[premjé mutardjé dy pap] (tit. honor. AMOR.)
Goldorak, Albator, Maya l’abeille, Candy (une blondinette aux grands yeux qui insidieusement déterminera la destinée amoureuse de plus d’un enfant d’alors, mais ceci est une autre histoire), Yoda, les Aristochats, Astérix, Tintin, Ulysse 31, inspecteur Gadget, Popeye, Titi et Grosminet, Babar, le grand Schtroumph, et tant d’autres encore…
Tous eurent un jour l’honneur suprême de figurer sur un verre à moutarde, véritable chef d’œuvre de la maison Amora dont les multiples productions finirent par créer de bigarrés ensembles entraînant de nombreux conflits fraternels : « Celui qui a Goldorak c’est le plus fort, celui qui a Candy c’est un neuneu », par exemple.
Une telle consécration moutardière aurait pu faire tourner plus d’une tête, et l’on pourrait penser créée pour l’occasion l’expression se prendre pour le premier moutardier du pape. Il n’en est rien. Aucune de ces figures du panthéon dessiné ne prit jamais le melon.

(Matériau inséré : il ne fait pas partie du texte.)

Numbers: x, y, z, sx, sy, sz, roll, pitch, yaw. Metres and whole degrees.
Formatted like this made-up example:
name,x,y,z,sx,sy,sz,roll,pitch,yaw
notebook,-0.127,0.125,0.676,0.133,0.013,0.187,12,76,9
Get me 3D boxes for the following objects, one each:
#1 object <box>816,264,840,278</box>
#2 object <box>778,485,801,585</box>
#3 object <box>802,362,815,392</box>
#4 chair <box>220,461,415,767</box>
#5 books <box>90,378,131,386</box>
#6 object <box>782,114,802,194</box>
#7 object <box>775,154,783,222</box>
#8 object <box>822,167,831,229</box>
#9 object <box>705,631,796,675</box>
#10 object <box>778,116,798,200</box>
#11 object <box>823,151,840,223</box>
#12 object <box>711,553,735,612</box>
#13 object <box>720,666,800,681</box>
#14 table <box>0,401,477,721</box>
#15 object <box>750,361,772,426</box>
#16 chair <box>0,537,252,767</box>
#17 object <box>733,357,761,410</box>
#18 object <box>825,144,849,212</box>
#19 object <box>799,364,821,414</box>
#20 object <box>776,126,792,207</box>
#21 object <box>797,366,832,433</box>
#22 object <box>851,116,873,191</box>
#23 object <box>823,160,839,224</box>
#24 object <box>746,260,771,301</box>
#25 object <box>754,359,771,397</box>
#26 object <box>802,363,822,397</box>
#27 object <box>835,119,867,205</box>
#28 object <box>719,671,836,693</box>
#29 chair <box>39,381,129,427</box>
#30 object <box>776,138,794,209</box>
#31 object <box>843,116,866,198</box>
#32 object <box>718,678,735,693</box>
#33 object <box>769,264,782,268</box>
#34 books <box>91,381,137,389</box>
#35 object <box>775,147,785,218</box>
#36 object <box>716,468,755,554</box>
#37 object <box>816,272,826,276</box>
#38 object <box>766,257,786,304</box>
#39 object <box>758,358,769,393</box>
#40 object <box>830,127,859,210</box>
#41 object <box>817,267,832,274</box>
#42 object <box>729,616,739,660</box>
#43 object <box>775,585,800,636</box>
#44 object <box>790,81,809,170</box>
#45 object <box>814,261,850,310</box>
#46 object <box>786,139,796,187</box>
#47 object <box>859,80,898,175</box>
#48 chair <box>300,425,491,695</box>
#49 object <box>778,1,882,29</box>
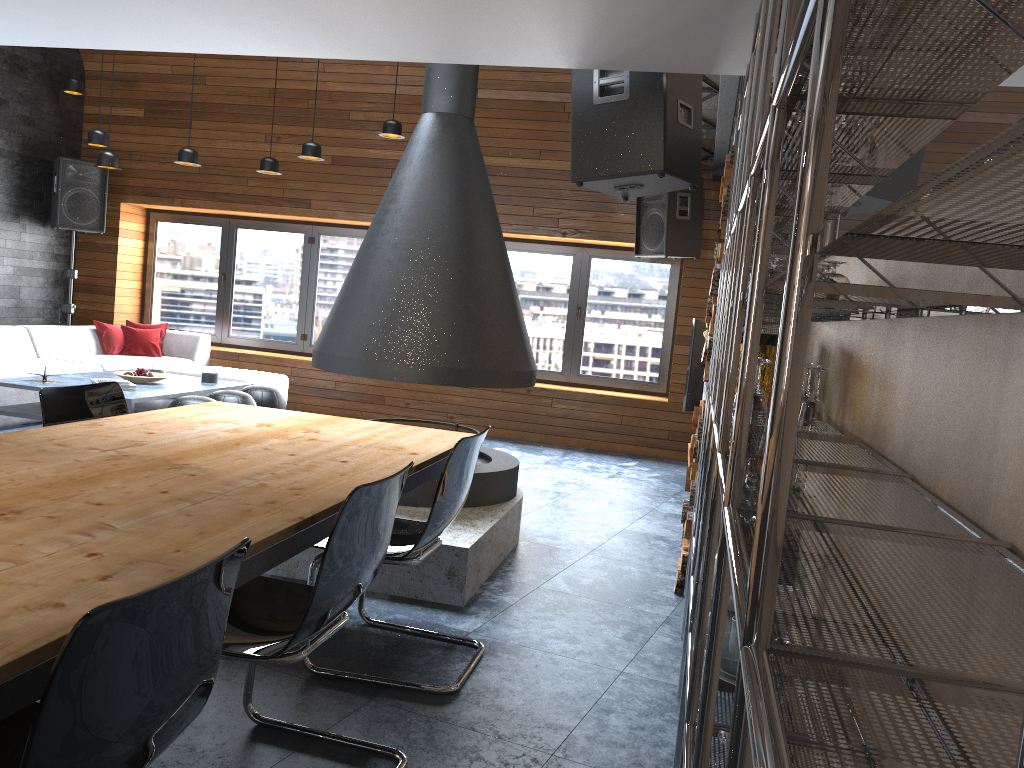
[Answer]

Ce fut en revanche le cas d’un obscur neveu de Jacques Duèze, Cadurcien plus connu sous son titre professionnel de pape Jean XXII, qui se crut arrivé aux côté de Saint Pierre une fois nommé premier moutardier du pape. Servant avec zèle le goût du cent quatre-vingt quatorzième pape pour le condiment qui fera la renommée de Dijon, le pompeusement et officiellement titré premier moutardier du pape laissera comme trace dans l’histoire ce synonyme de fatuité qu’on retrouvera bien des siècles plus tard dans l’attitude du responsable de la photocopieuse du troisième étage.
Bien qu’aucune enluminure ne puisse témoigner de l’importance accordée à la charge de premier moutardier du pape, la rumeur colportée depuis 1316 lui prête faste et grande pompe, au point de faire de l’ombre au moindre prélat de service responsable de croisade ou d’évangélisation.

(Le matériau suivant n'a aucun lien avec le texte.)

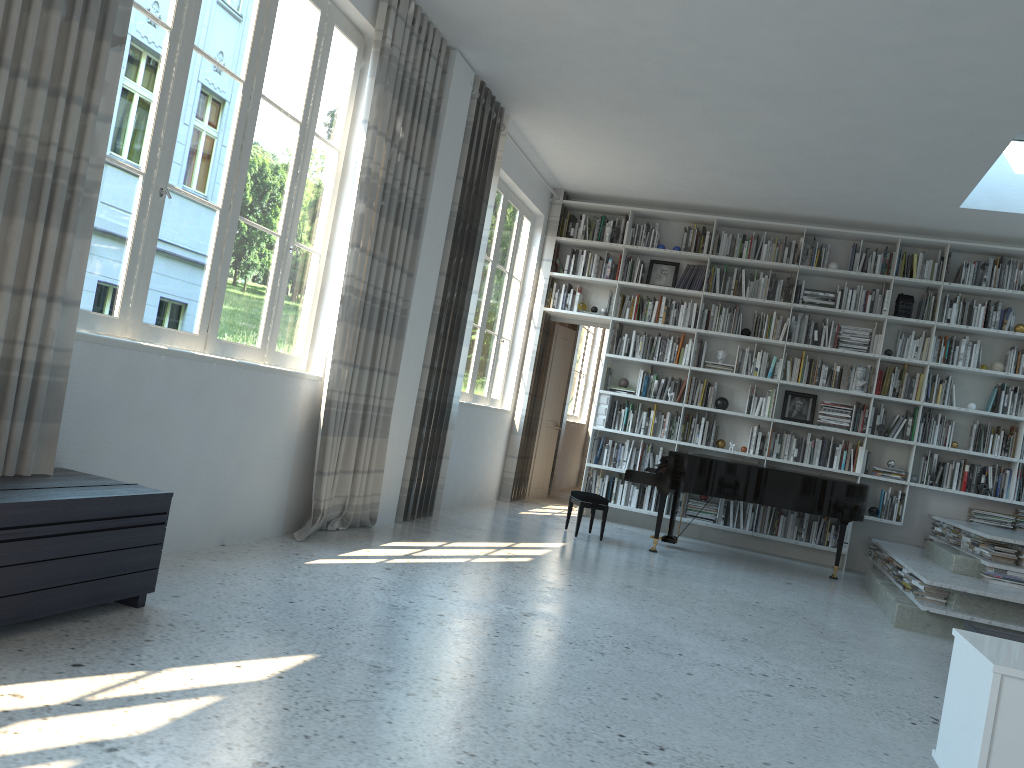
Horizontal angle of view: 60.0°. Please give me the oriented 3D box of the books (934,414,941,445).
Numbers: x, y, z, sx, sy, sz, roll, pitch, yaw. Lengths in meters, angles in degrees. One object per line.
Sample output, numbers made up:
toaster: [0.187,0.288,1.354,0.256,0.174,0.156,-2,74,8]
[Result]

Le premier moutardier du pape ne durera pas au Saint-Siège plus longtemps que le règne de Jean XXII, mais il perdurera dans la langue tout au long des années surannées pour désigner n’importe quel sbire gonflé de l’importance de sa titraille.
Ce n’est qu’à l’orée d’une modernité adorant hiérarchiser à grands coups d’employé du mois, de conseiller spécial et d’expert ès-qualité que le premier moutardier du pape sera envoyé au suranné pour cause de mauvais esprit (et manquer d’esprit sain est un comble dans ce cas).
Ne restera de son apparat papal que quelques décalcomanies sur verre à boire qui pourront en justifier l’usage; parce que franchement, quand à table j’ai celui avec Goldorak, je me sens un peu comme le premier moutardier du pape.